Write the records below out again word for word, with the pictures removed.
Start of EXCERPTED RECORDS
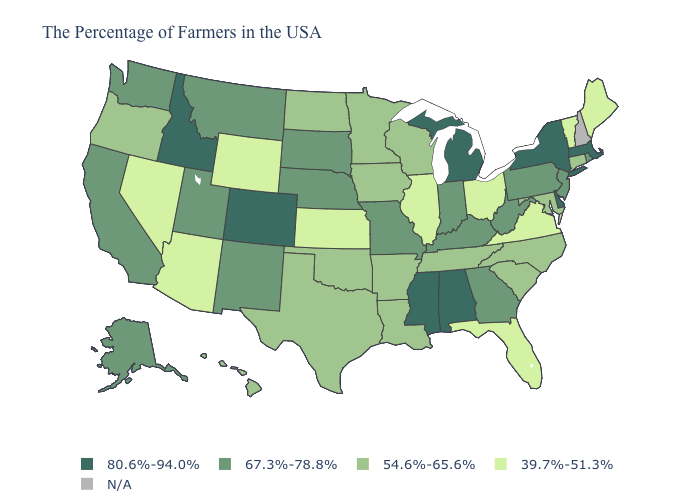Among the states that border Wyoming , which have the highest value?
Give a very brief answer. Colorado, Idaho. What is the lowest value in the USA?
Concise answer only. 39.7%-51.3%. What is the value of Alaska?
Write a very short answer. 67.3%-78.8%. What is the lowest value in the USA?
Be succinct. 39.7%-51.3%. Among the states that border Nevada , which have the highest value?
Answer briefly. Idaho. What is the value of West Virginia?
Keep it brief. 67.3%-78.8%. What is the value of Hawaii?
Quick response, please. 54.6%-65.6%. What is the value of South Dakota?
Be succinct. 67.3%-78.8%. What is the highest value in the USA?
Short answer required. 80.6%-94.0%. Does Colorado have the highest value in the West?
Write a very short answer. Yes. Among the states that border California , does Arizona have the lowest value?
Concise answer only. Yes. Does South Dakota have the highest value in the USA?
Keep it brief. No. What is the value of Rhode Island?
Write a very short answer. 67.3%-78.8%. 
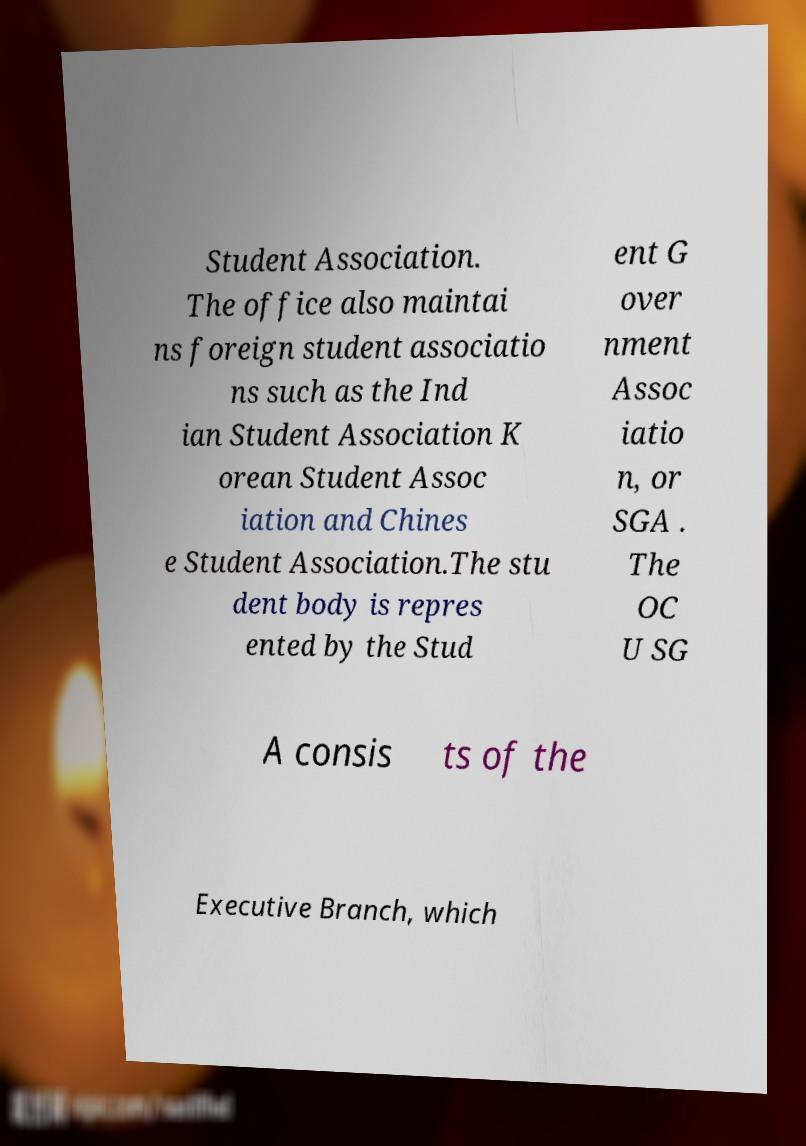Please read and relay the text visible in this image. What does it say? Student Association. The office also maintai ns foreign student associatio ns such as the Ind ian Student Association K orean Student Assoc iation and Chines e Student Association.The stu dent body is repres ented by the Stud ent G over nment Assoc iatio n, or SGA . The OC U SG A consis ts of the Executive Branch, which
End of EXCERPTED RECORDS
> FINISHED TASK
Among the states that border Wyoming , which have the highest value?
Give a very brief answer. Colorado, Idaho. What is the lowest value in the USA?
Concise answer only. 39.7%-51.3%. What is the value of Alaska?
Write a very short answer. 67.3%-78.8%. What is the lowest value in the USA?
Be succinct. 39.7%-51.3%. Among the states that border Nevada , which have the highest value?
Answer briefly. Idaho. What is the value of West Virginia?
Keep it brief. 67.3%-78.8%. What is the value of Hawaii?
Quick response, please. 54.6%-65.6%. What is the value of South Dakota?
Be succinct. 67.3%-78.8%. What is the highest value in the USA?
Short answer required. 80.6%-94.0%. Does Colorado have the highest value in the West?
Write a very short answer. Yes. Among the states that border California , does Arizona have the lowest value?
Concise answer only. Yes. Does South Dakota have the highest value in the USA?
Keep it brief. No. What is the value of Rhode Island?
Write a very short answer. 67.3%-78.8%. 
Please read and relay the text visible in this image. What does it say? Student Association. The office also maintai ns foreign student associatio ns such as the Ind ian Student Association K orean Student Assoc iation and Chines e Student Association.The stu dent body is repres ented by the Stud ent G over nment Assoc iatio n, or SGA . The OC U SG A consis ts of the Executive Branch, which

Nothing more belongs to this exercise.